ACTIVITY
Check every line of the entries below for the word "size". Then give the number of lines that have it, with nothing added.

SOURCE MATERIAL
◇ ◇ ◇ ◇ ◇ ◇ ◇

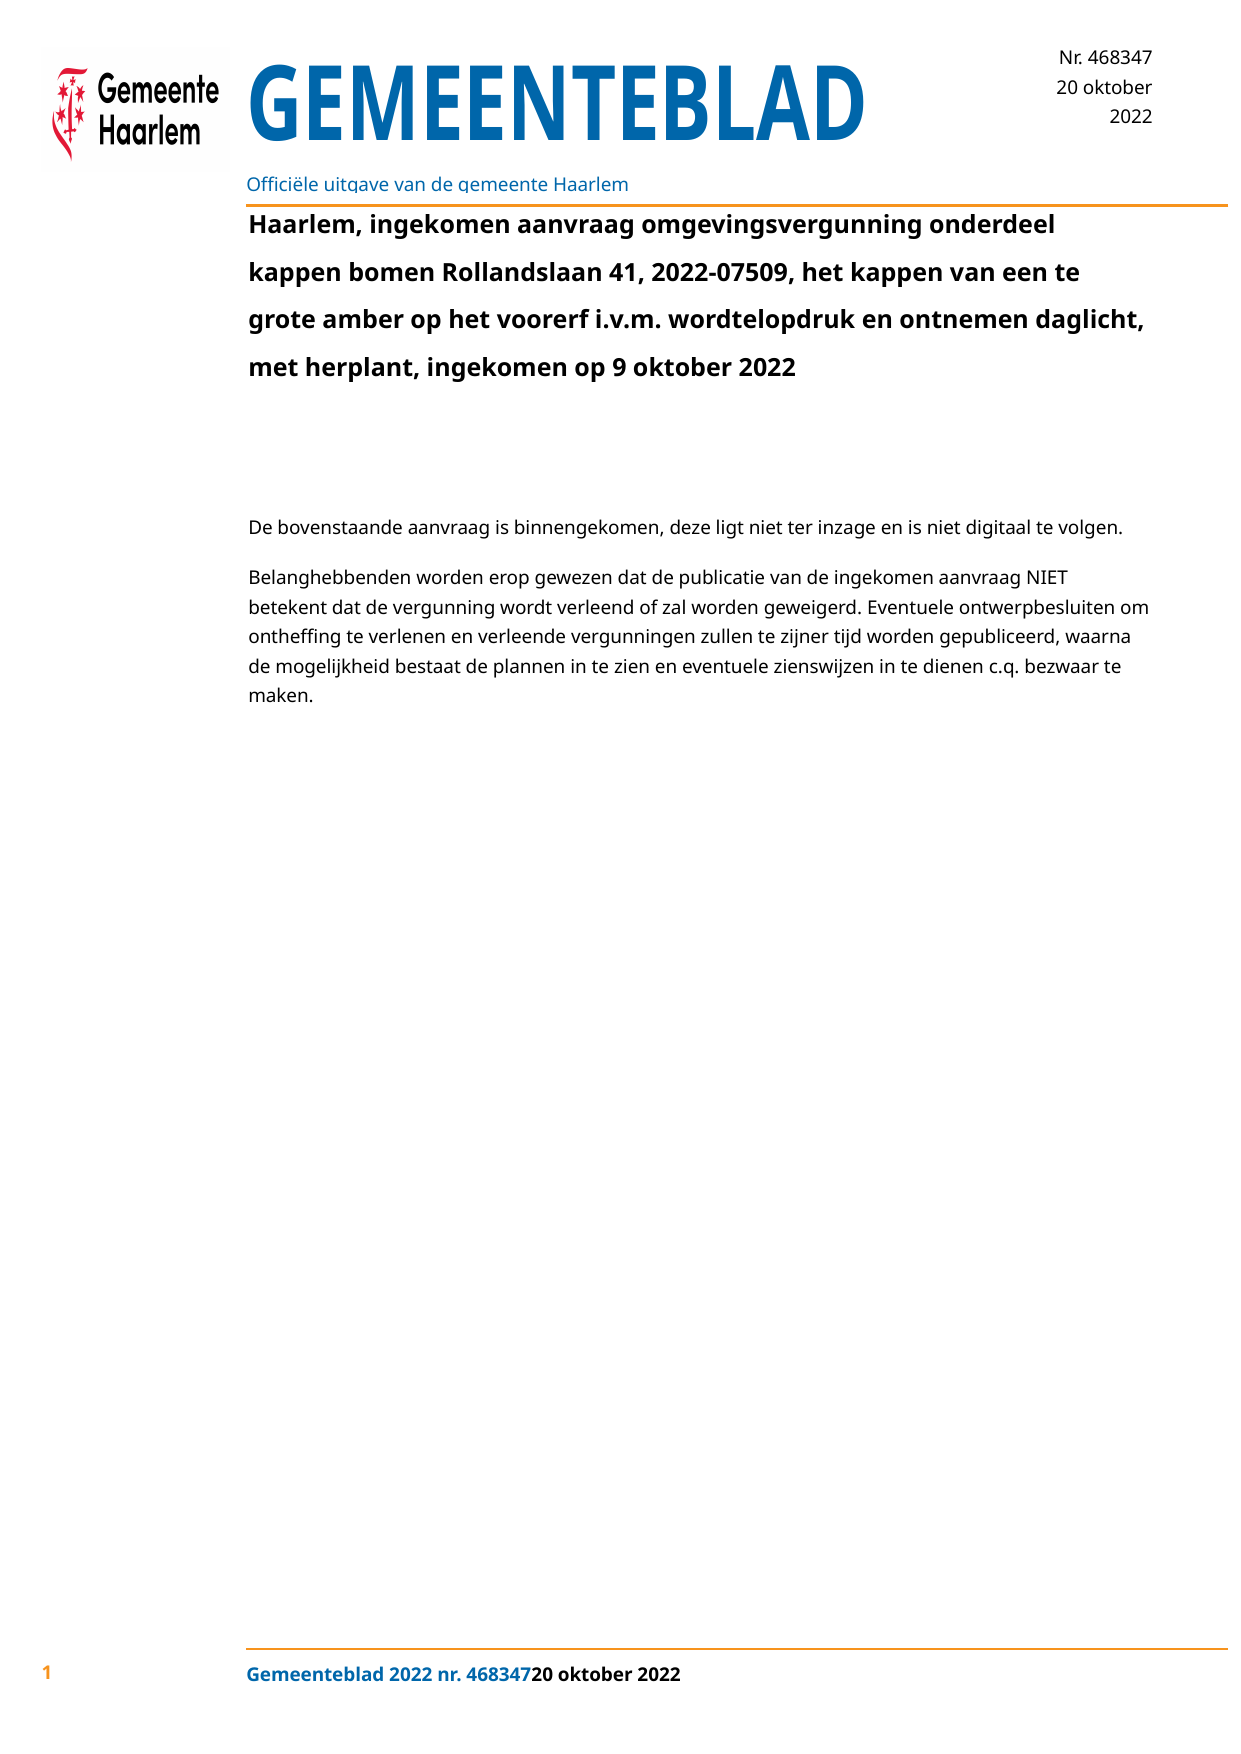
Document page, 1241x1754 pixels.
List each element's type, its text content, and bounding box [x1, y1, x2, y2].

◇ ◇ ◇ ◇ ◇ ◇ ◇

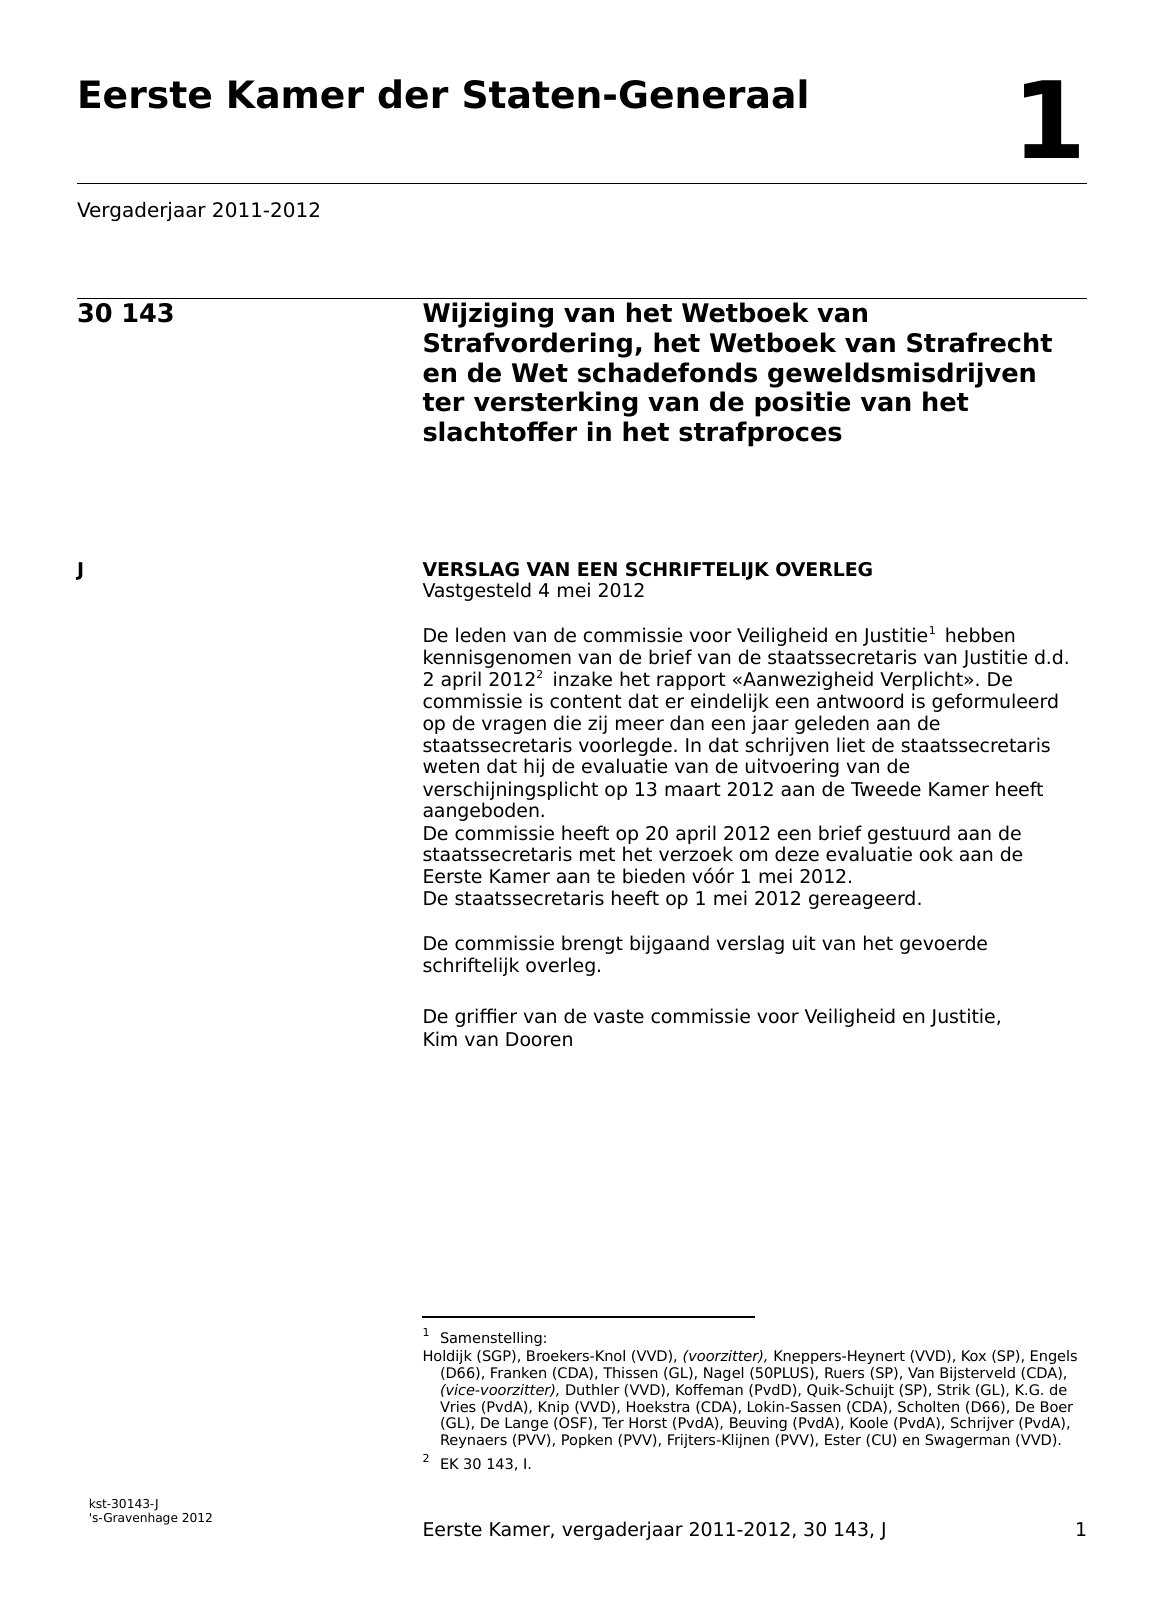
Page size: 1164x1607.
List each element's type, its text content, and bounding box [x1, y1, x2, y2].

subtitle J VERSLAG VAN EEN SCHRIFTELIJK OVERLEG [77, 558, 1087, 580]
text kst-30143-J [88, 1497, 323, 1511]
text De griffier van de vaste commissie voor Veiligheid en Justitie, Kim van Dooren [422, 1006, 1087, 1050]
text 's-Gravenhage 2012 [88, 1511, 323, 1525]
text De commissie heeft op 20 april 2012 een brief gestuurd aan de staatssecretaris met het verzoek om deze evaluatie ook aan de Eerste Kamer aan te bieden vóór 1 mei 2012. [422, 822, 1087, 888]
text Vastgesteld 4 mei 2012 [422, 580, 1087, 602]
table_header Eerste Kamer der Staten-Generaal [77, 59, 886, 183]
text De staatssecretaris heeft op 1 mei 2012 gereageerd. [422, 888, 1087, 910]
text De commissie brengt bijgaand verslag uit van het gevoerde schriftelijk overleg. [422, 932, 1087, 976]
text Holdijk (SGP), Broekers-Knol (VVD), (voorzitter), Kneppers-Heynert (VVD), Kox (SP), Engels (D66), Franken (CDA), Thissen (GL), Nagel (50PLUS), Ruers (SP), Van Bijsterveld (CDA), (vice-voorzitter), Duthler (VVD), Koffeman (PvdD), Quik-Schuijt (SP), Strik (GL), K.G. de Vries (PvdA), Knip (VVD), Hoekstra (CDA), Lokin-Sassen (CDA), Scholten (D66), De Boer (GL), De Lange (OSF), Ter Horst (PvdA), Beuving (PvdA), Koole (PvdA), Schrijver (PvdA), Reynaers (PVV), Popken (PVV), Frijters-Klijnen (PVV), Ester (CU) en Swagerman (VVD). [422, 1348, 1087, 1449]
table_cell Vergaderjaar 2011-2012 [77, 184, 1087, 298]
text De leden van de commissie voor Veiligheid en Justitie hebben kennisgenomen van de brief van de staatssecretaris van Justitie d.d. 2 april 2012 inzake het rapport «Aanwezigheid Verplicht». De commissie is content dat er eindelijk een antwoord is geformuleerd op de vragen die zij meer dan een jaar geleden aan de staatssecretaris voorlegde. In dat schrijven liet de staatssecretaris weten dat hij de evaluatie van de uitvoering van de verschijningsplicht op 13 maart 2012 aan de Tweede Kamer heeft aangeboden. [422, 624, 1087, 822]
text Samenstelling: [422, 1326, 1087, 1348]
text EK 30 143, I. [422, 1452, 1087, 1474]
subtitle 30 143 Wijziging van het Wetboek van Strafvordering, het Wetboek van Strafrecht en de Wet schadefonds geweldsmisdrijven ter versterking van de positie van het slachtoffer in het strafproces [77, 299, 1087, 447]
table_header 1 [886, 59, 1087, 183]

◇ ◇ ◇ ◇ ◇ ◇ ◇

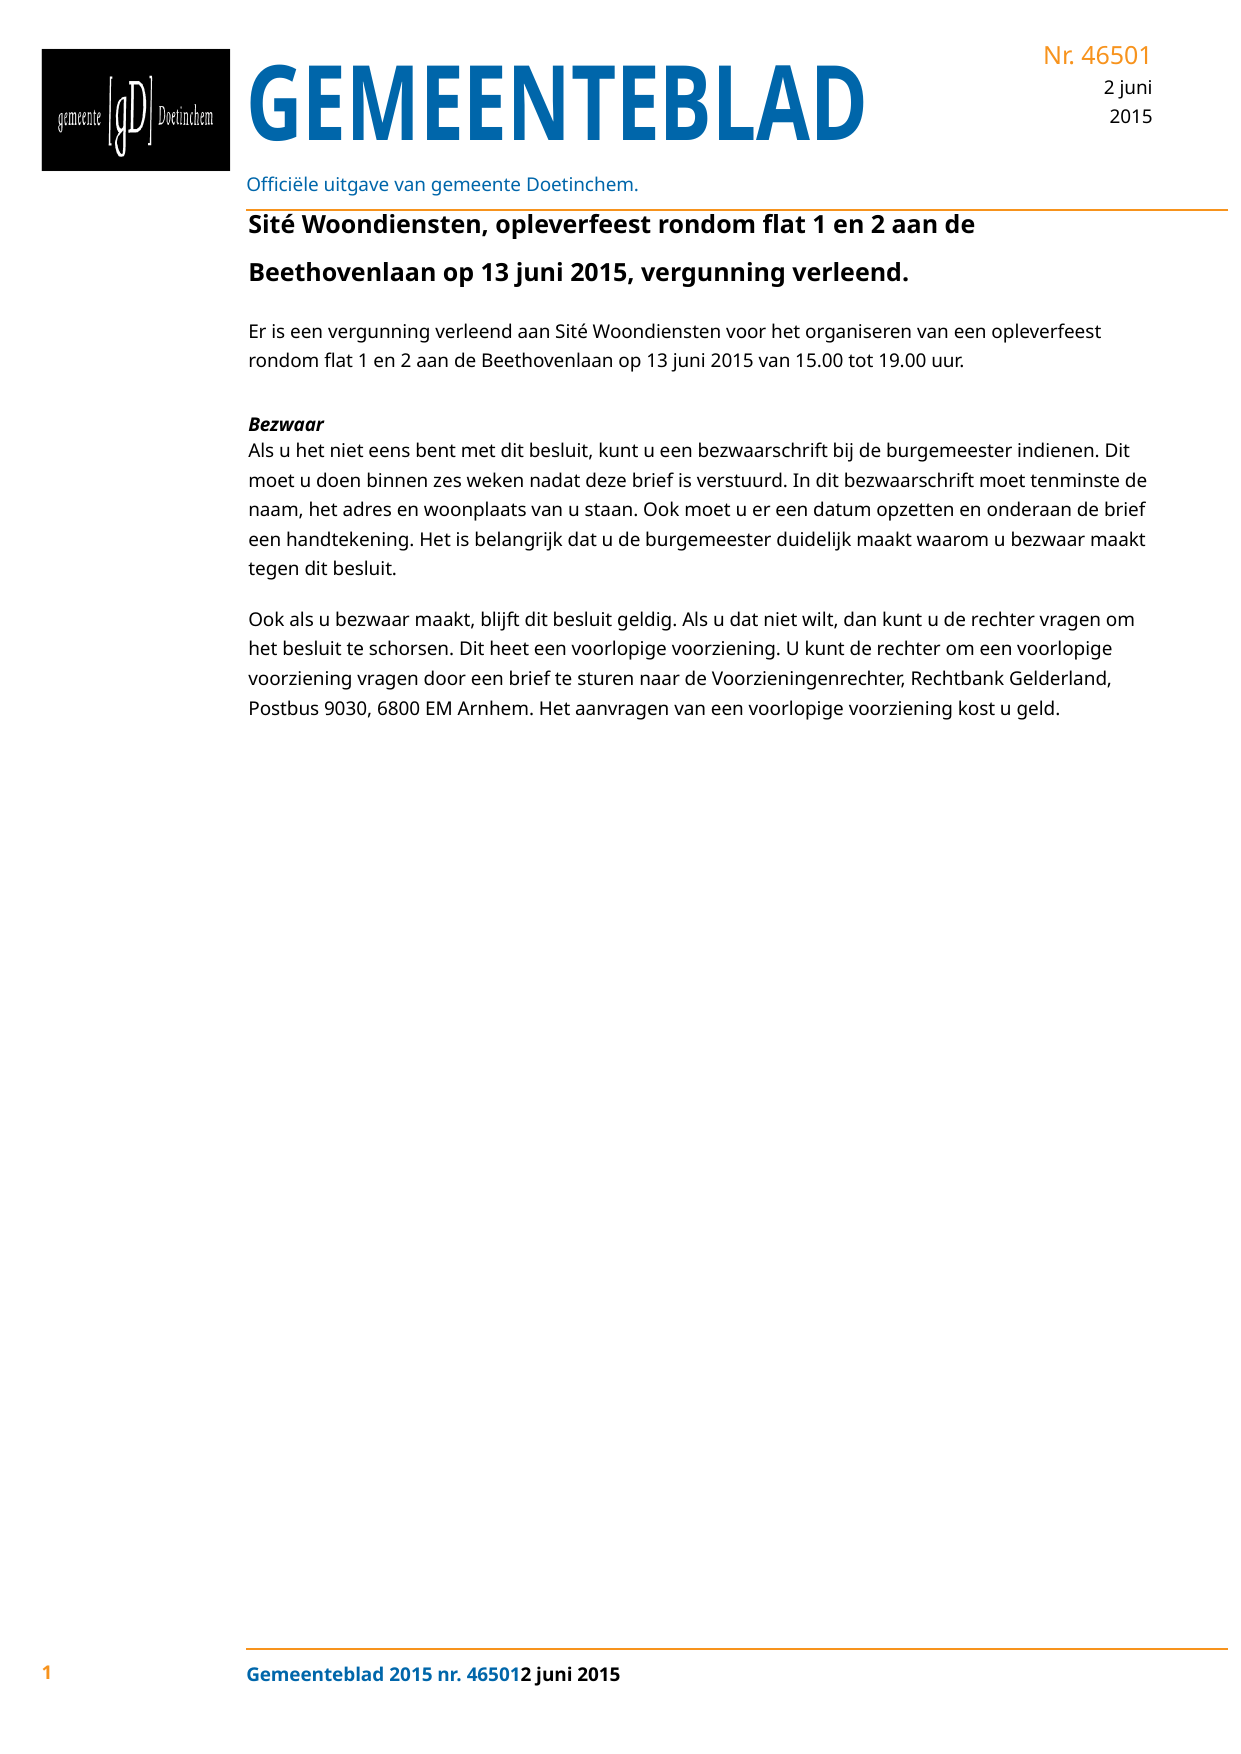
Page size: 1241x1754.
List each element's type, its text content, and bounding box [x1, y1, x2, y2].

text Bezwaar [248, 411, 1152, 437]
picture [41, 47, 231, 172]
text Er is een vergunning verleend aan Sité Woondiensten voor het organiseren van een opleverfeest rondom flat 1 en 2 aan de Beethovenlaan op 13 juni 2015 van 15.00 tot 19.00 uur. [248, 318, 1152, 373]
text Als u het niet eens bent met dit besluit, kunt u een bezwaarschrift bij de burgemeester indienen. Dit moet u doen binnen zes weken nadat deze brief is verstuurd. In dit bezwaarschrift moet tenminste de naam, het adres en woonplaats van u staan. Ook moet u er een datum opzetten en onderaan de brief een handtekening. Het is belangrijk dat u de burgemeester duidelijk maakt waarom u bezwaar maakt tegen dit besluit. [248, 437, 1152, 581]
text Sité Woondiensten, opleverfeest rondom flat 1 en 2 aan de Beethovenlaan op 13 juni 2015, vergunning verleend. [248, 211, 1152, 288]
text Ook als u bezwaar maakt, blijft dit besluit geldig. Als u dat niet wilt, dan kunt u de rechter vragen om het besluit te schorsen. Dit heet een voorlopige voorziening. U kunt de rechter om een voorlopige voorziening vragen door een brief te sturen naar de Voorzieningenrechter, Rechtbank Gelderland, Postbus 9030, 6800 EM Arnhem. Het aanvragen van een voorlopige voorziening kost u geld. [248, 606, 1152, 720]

◇ ◇ ◇ ◇ ◇ ◇ ◇

EXERCISE OUTPUT
2